¡Que Viva México!

Directed by Sergei Eisenstein (1931/1979) ***

Every great artist living in Soviet Russia was at odds with the fickle and oppressive Stalinist regime and Eisenstein, perhaps Russia’s greatest film director, teacher and theorist, was no exception. It’s surprising, then, that Stalin allowed the director free reign to travel the world and even odder that Eisenstein, while on this leash, attempted to make films for Paramount in Hollywood. The USA moguls were ultimately chilly to Eisenstein’s film proposals (including a treatment for Dreiser’s An American Tragedy — Eisenstein admired the novel and had met Dreiser in Russia). So, instead, using money provided by novelist Upton Sinclair and his wife, occultist Mary Craig Sinclair, the director traveled to Mexico with comrades Grigori Aleksandrov, as co-director and Eduard Tisse, cinematographer.

The goal was to film a quasi-documentary encapsulating the history of Mexico from the Pre-Columbian era to post-Revolution. The film was never completed. Kino video has released on DVD a 1979 reconstruction by Aleksandrov, based on Eisenstein’s notes and drawings (a meeting with Walt Disney in Hollywood had reignited Eisenstein’s interest in drawing and cartooning). Although accompanied by a dated music soundtrack that’s in some places makeshift and in others electronic and completely inappropriate, Eisenstein’s eccentric and powerful imagery shines through.

¡Que Viva México! investigates ancient ruins, courtship rituals, a Day of the Dead celebration, a staged drama of peasants vs. exploitative landlords and a rousing bullfight. It’s strange to see the same kind of camera angles and staging we associate with Russian revolutionary propaganda used instead to explore a land so different in temperament, but Eisenstein’s eye for telling details and evocative editing makes the travelogue compelling viewing. Some of the compositions are so stark and morbid, they seem to look back to Carl Theodor Dreyer’s The Passion of Joan of Arc (1928) and almost certainly influenced the look of Sergio Leone’s spaghetti westerns and quite probably Alejandro Jodorowsky’s El Topo (1970) and Santa Sangre (1989).
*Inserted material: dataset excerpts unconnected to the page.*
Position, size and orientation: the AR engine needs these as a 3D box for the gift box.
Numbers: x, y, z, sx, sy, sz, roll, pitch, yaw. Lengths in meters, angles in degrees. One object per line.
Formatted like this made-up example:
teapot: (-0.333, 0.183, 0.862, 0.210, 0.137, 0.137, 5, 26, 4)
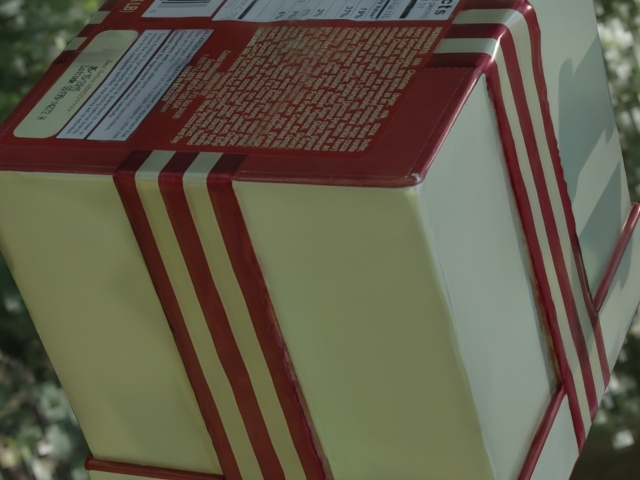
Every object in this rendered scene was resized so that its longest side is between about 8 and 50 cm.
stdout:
gift box: (0.000, 0.000, 0.887, 0.255, 0.276, 0.258, -53, 137, -40)
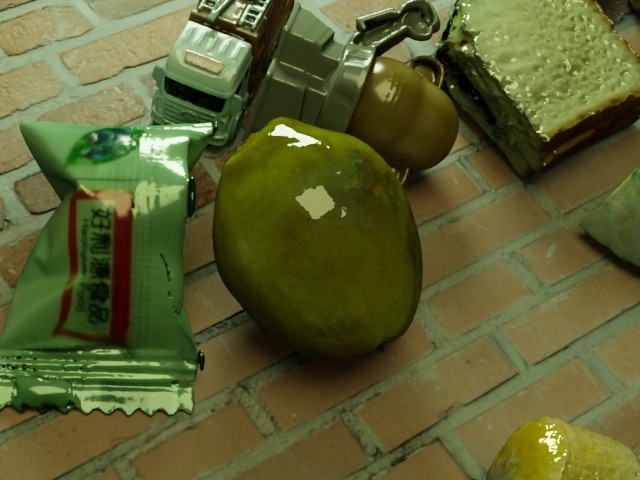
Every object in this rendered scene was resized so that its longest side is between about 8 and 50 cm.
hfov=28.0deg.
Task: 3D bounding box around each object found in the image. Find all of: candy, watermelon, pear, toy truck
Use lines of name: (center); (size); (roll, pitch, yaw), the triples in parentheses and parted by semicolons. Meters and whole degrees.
candy: (-0.269, 0.026, 1.623); (0.262, 0.172, 0.398); (2, 75, 1)
watermelon: (0.529, -0.039, 1.833); (0.260, 0.176, 0.256); (-26, 103, -28)
pear: (0.000, 0.000, 1.611); (0.269, 0.269, 0.321); (-31, 92, -29)
toy truck: (-0.131, -0.294, 1.847); (0.136, 0.162, 0.305); (21, 54, 2)

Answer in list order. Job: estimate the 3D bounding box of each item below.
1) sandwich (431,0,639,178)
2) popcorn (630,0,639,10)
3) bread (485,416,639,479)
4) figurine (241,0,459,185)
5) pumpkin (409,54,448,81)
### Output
sandwich: (0.317, -0.276, 1.935); (0.262, 0.131, 0.325); (-29, 75, -27)
popcorn: (0.571, -0.514, 2.096); (0.293, 0.237, 0.293); (31, 46, -39)
bread: (0.277, 0.310, 1.508); (0.170, 0.197, 0.197); (16, 54, -9)
figurine: (0.058, -0.192, 1.806); (0.284, 0.167, 0.343); (19, 98, -3)
pumpkin: (0.173, -0.266, 1.978); (0.083, 0.028, 0.050); (-20, 64, -19)
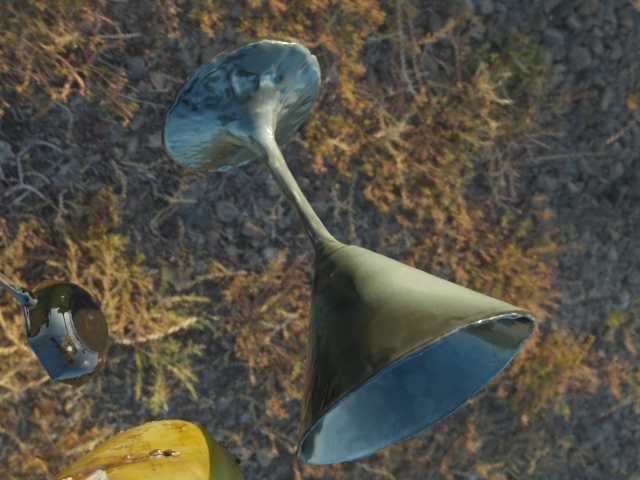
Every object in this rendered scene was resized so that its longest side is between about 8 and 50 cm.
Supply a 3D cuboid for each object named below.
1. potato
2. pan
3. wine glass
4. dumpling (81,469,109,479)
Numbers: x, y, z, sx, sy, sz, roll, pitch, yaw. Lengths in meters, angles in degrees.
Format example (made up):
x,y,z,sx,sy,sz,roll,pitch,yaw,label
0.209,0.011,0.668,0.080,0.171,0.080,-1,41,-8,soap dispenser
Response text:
x,y,z,sx,sy,sz,roll,pitch,yaw,label
-0.163,0.245,0.789,0.172,0.140,0.300,-20,175,13,potato
-0.312,0.095,0.999,0.048,0.128,0.202,-23,155,16,pan
0.000,0.000,0.894,0.267,0.406,0.267,-26,153,-14,wine glass
-0.180,0.202,0.460,0.176,0.092,0.150,-32,142,-10,dumpling
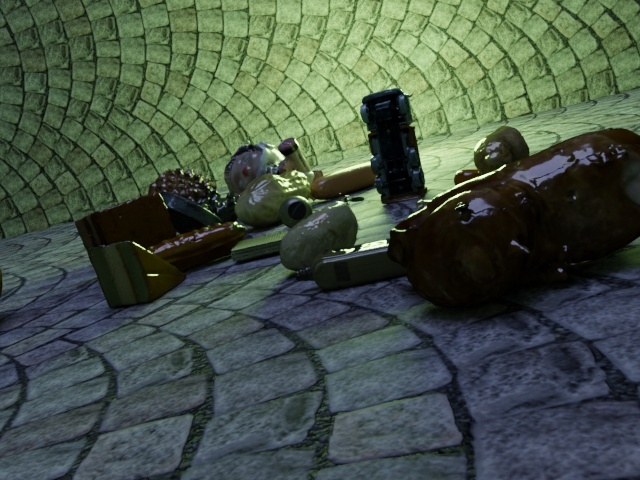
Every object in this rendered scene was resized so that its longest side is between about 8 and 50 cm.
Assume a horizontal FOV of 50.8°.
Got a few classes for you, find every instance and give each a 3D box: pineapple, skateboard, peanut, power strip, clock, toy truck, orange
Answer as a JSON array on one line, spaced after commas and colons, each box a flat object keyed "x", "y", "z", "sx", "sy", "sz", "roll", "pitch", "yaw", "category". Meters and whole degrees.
[{"x": -0.373, "y": -0.110, "z": 2.143, "sx": 0.357, "sy": 0.223, "sz": 0.223, "roll": 12, "pitch": 25, "yaw": 34, "category": "pineapple"}, {"x": 0.089, "y": -0.128, "z": 2.059, "sx": 0.064, "sy": 0.032, "sz": 0.083, "roll": -7, "pitch": 10, "yaw": -21, "category": "skateboard"}, {"x": -0.135, "y": -0.133, "z": 2.052, "sx": 0.152, "sy": 0.152, "sz": 0.313, "roll": -5, "pitch": 12, "yaw": 38, "category": "peanut"}, {"x": 0.505, "y": -0.245, "z": 1.887, "sx": 0.137, "sy": 0.122, "sz": 0.253, "roll": 5, "pitch": 23, "yaw": 36, "category": "peanut"}, {"x": 0.143, "y": 0.021, "z": 1.171, "sx": 0.388, "sy": 0.066, "sz": 0.092, "roll": -13, "pitch": 9, "yaw": 8, "category": "power strip"}, {"x": -0.369, "y": -0.064, "z": 1.874, "sx": 0.226, "sy": 0.226, "sz": 0.049, "roll": 2, "pitch": 62, "yaw": 54, "category": "clock"}, {"x": 0.215, "y": -0.267, "z": 1.895, "sx": 0.136, "sy": 0.305, "sz": 0.162, "roll": -10, "pitch": 7, "yaw": 21, "category": "toy truck"}, {"x": 0.382, "y": -0.151, "z": 1.726, "sx": 0.086, "sy": 0.062, "sz": 0.086, "roll": 2, "pitch": 15, "yaw": -1, "category": "orange"}]

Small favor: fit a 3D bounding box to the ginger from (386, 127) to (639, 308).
[{"x": 0.298, "y": -0.024, "z": 0.931, "sx": 0.418, "sy": 0.176, "sz": 0.254, "roll": -18, "pitch": 15, "yaw": 5, "category": "ginger"}]

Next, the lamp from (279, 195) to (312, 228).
[{"x": -0.072, "y": -0.071, "z": 1.859, "sx": 0.091, "sy": 0.091, "sz": 0.163, "roll": -16, "pitch": -3, "yaw": -9, "category": "lamp"}]

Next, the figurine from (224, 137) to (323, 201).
[{"x": -0.180, "y": -0.208, "z": 2.341, "sx": 0.361, "sy": 0.253, "sz": 0.211, "roll": 8, "pitch": -20, "yaw": 44, "category": "figurine"}]

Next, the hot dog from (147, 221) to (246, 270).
[{"x": -0.305, "y": 0.020, "z": 1.652, "sx": 0.269, "sy": 0.115, "sz": 0.072, "roll": -19, "pitch": 56, "yaw": -24, "category": "hot dog"}]

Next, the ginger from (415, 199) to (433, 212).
[{"x": 0.311, "y": -0.060, "z": 1.241, "sx": 0.263, "sy": 0.109, "sz": 0.116, "roll": -11, "pitch": 10, "yaw": 20, "category": "ginger"}]

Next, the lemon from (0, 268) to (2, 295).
[{"x": -0.856, "y": 0.101, "z": 1.534, "sx": 0.267, "sy": 0.267, "sz": 0.267, "roll": -13, "pitch": 11, "yaw": 3, "category": "lemon"}]

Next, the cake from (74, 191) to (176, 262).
[{"x": -0.525, "y": -0.003, "z": 1.791, "sx": 0.196, "sy": 0.198, "sz": 0.293, "roll": -28, "pitch": 13, "yaw": -34, "category": "cake"}]

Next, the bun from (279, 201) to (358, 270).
[{"x": 0.000, "y": 0.000, "z": 1.362, "sx": 0.164, "sy": 0.111, "sz": 0.188, "roll": -27, "pitch": 7, "yaw": 29, "category": "bun"}]

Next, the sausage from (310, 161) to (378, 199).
[{"x": 0.094, "y": -0.200, "z": 2.255, "sx": 0.289, "sy": 0.086, "sz": 0.086, "roll": -18, "pitch": 12, "yaw": -29, "category": "sausage"}]

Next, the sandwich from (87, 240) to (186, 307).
[{"x": -0.393, "y": 0.051, "z": 1.473, "sx": 0.117, "sy": 0.144, "sz": 0.187, "roll": -8, "pitch": 13, "yaw": 16, "category": "sandwich"}]

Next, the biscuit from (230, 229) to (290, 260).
[{"x": -0.107, "y": 0.006, "z": 1.607, "sx": 0.199, "sy": 0.040, "sz": 0.121, "roll": -13, "pitch": 8, "yaw": 5, "category": "biscuit"}]
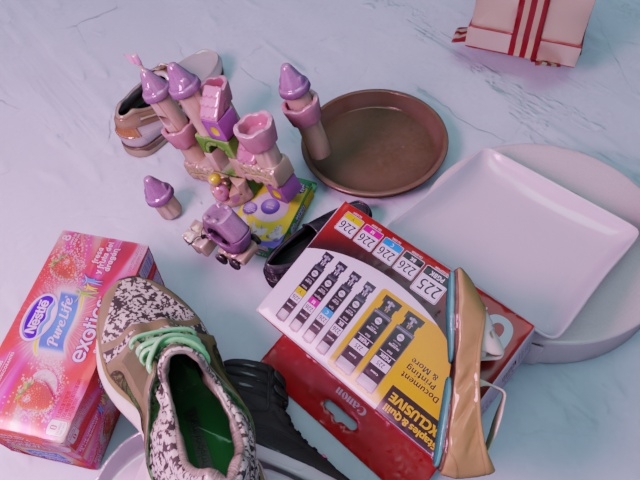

Kino’s DVD also contains two Eisenstein shorts: a bizarre fantasia, Romance Sentimentale and a Swiss instructional film, Misery and Fortune of Women. Misery is an incomplete propaganda film advocating for state-run instead of “back door” abortion clinics. Romance seems to be sourced from a darkened, flickering 16mm print and is nearly unwatchable in places. It employs, though, editing and sound experiments so radical, one is tempted to list Eisenstein with the great surrealist directors Luis Bunuel and David Lynch. Eisenstein’s artistic inclinations were so far adrift from the Socialist Realism Stalin was demanding, he might have been sent out into the world so that Stalin wouldn’t have to kill him!